# Prompt
In the entries below, filter for the word "maker" and copy every matching line.

# Data to examine
☆ ☆ ☆ ☆
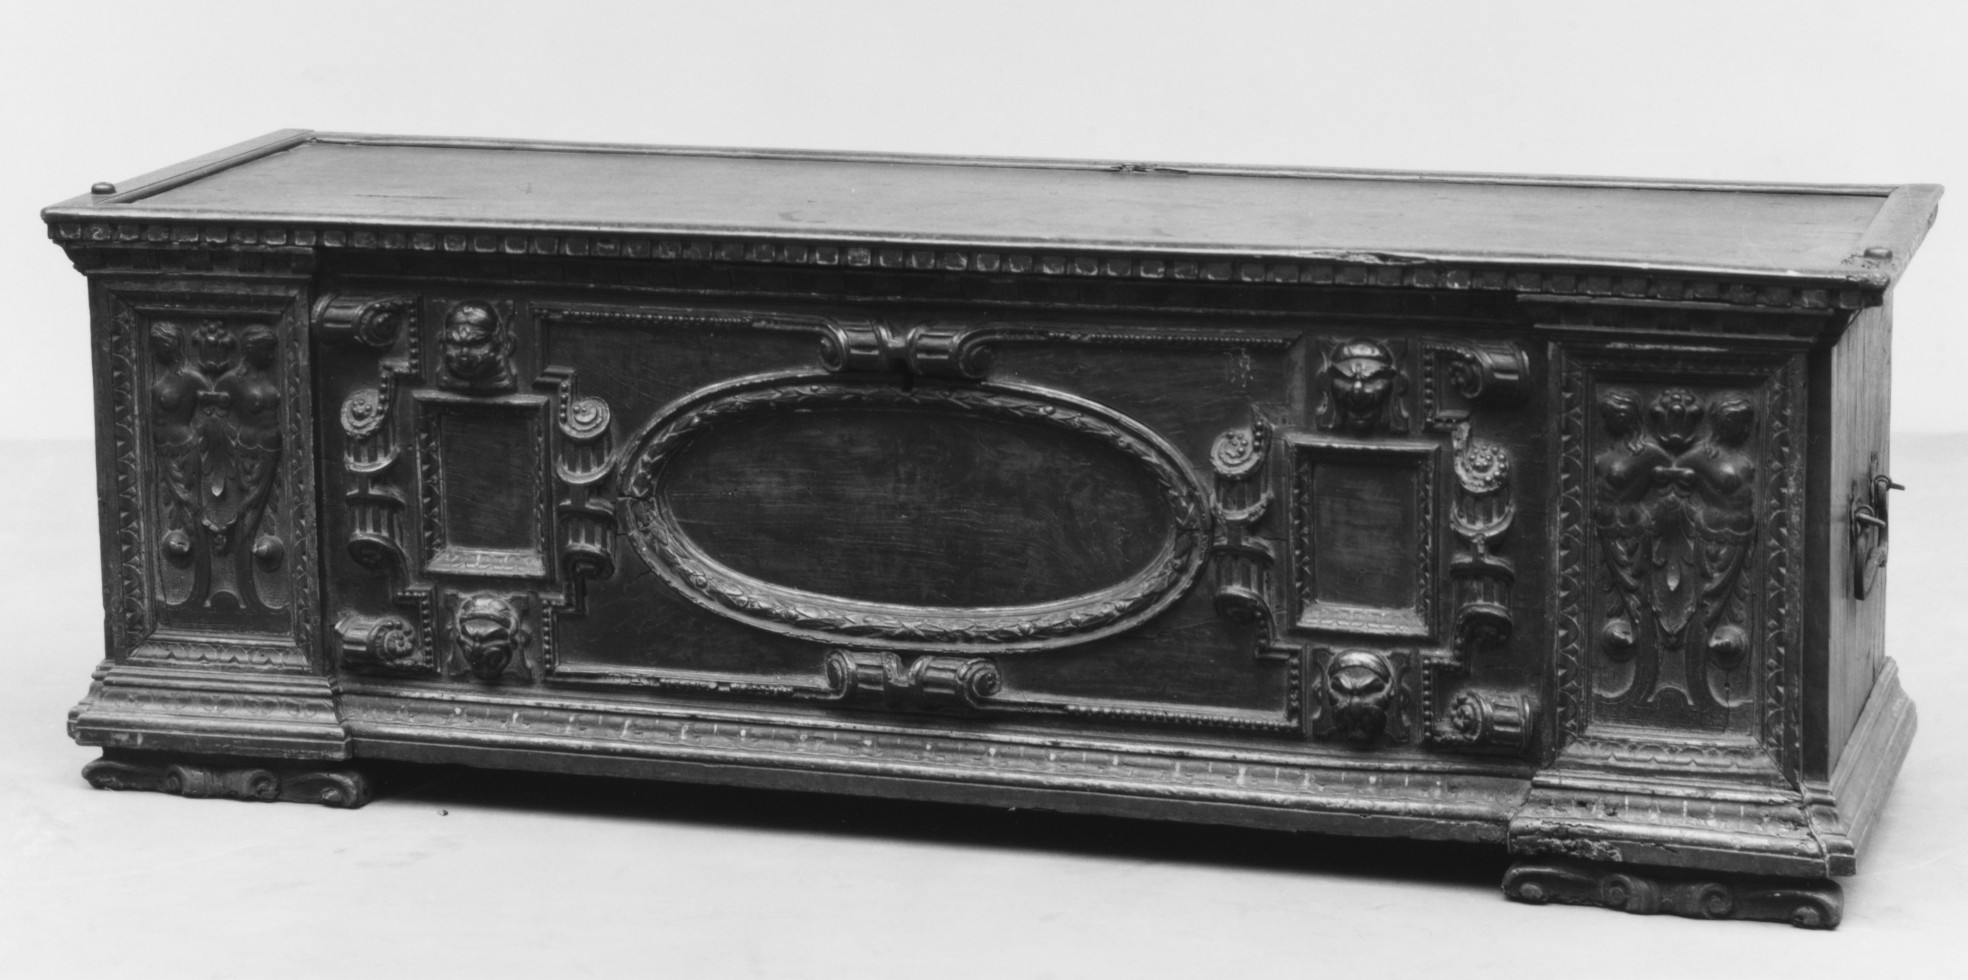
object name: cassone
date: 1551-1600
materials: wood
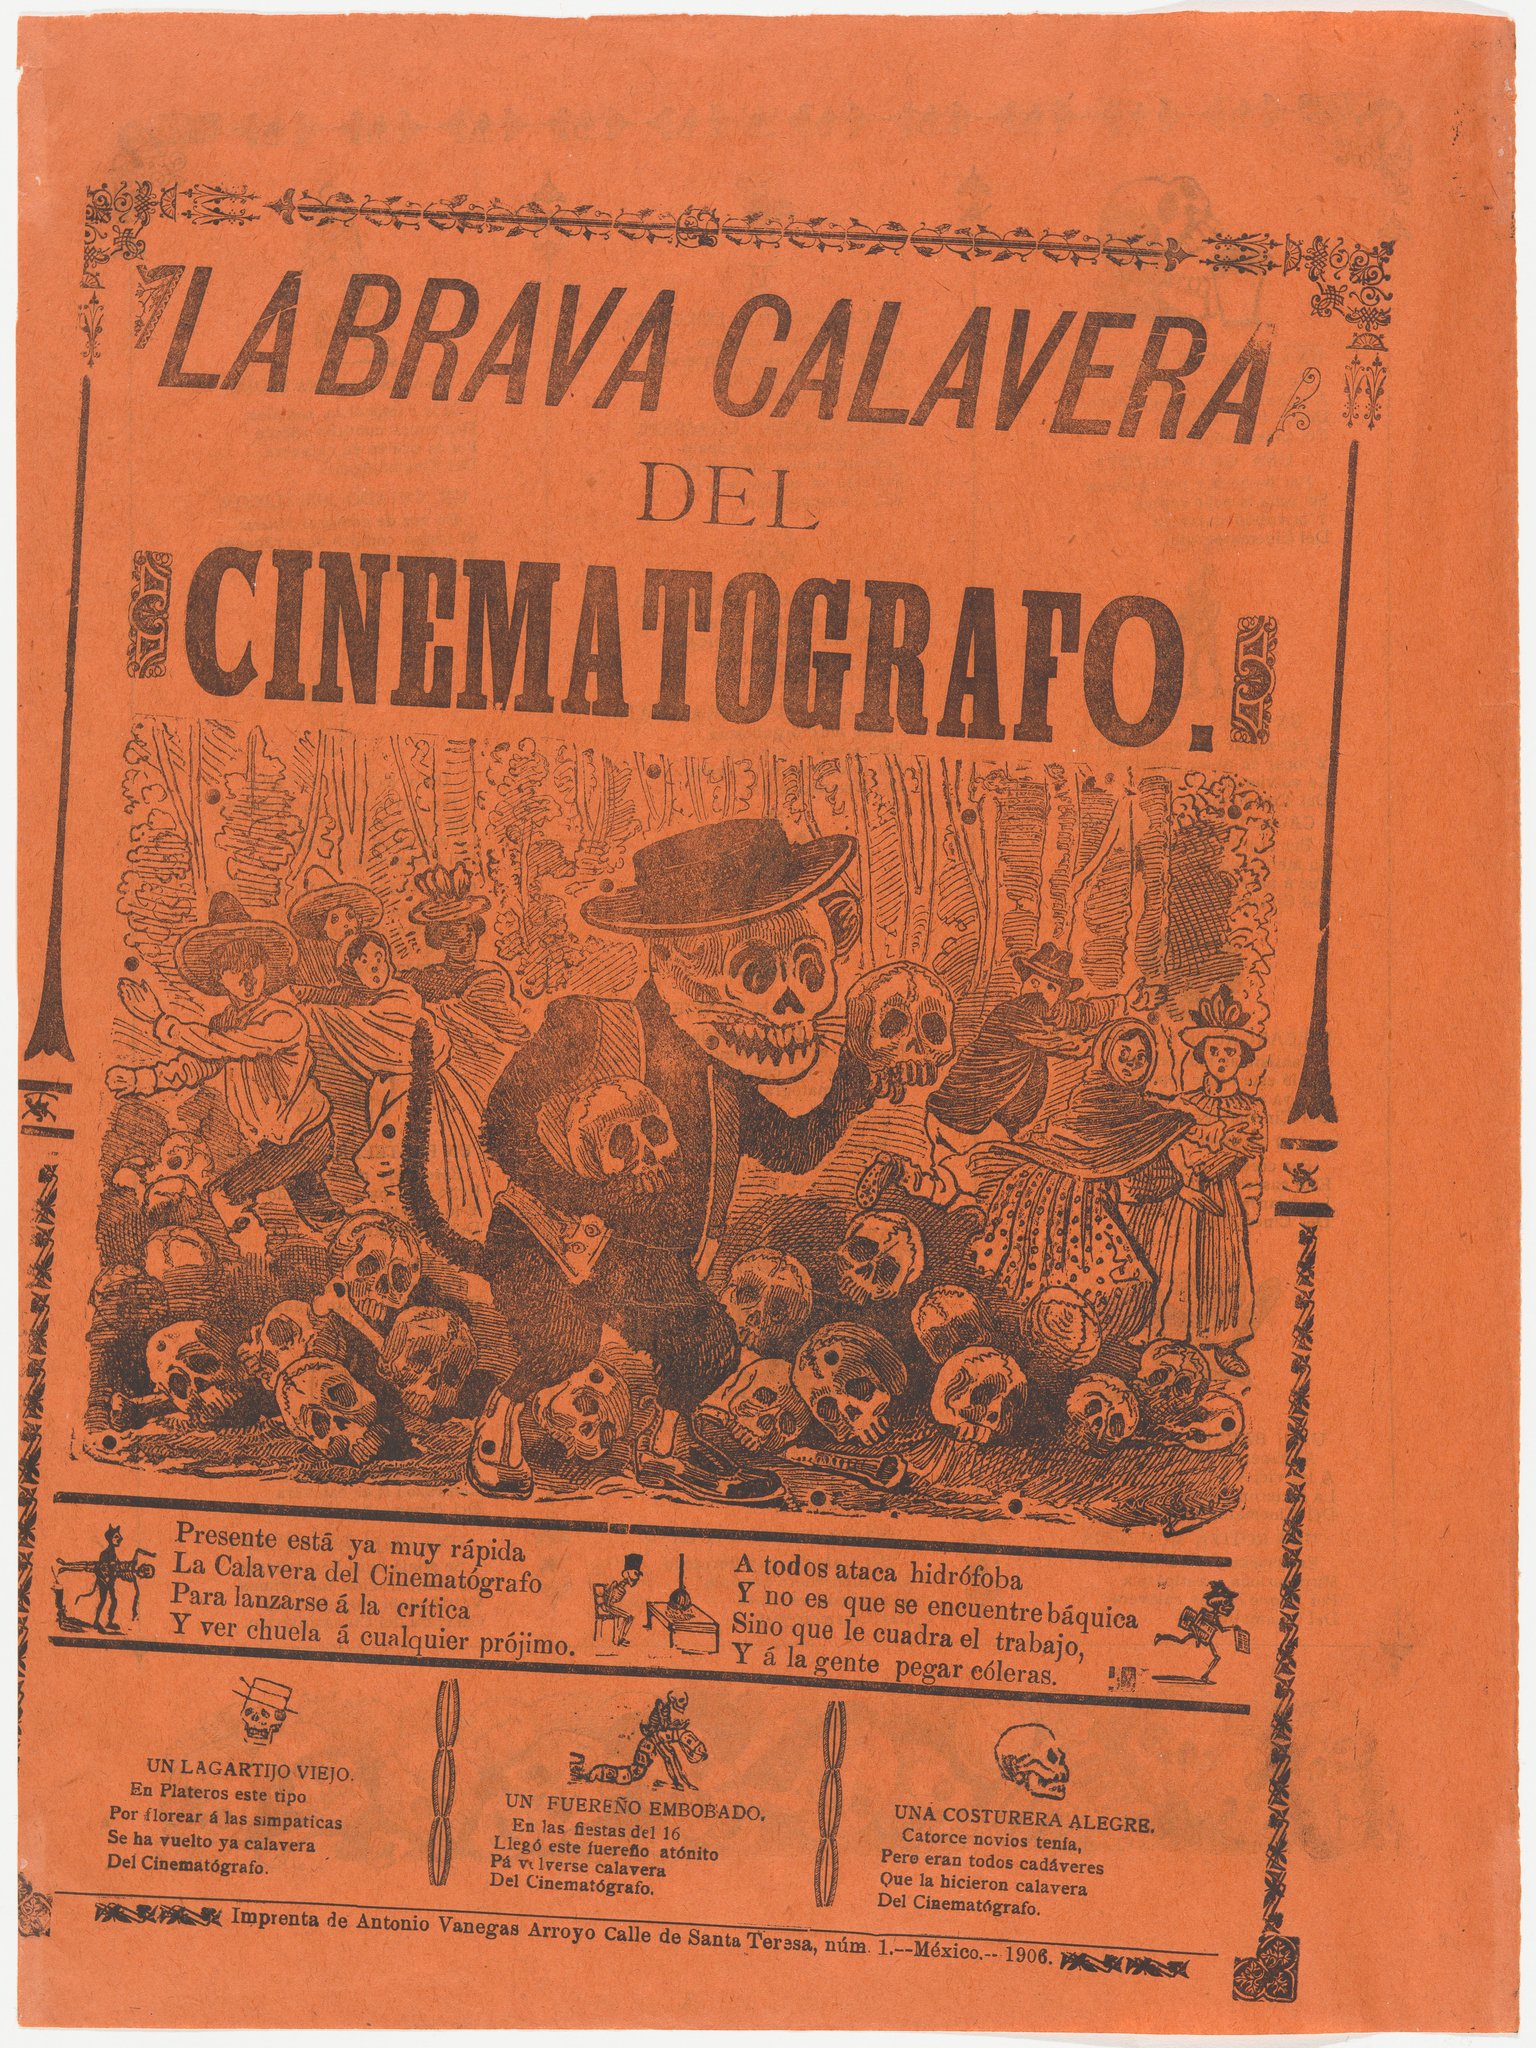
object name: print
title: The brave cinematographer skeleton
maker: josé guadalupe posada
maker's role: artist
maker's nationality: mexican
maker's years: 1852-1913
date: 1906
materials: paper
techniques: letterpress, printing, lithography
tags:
☆ ☆ ☆ ☆
# Expected answer
maker: josé guadalupe posada
maker's role: artist
maker's nationality: mexican
maker's years: 1852-1913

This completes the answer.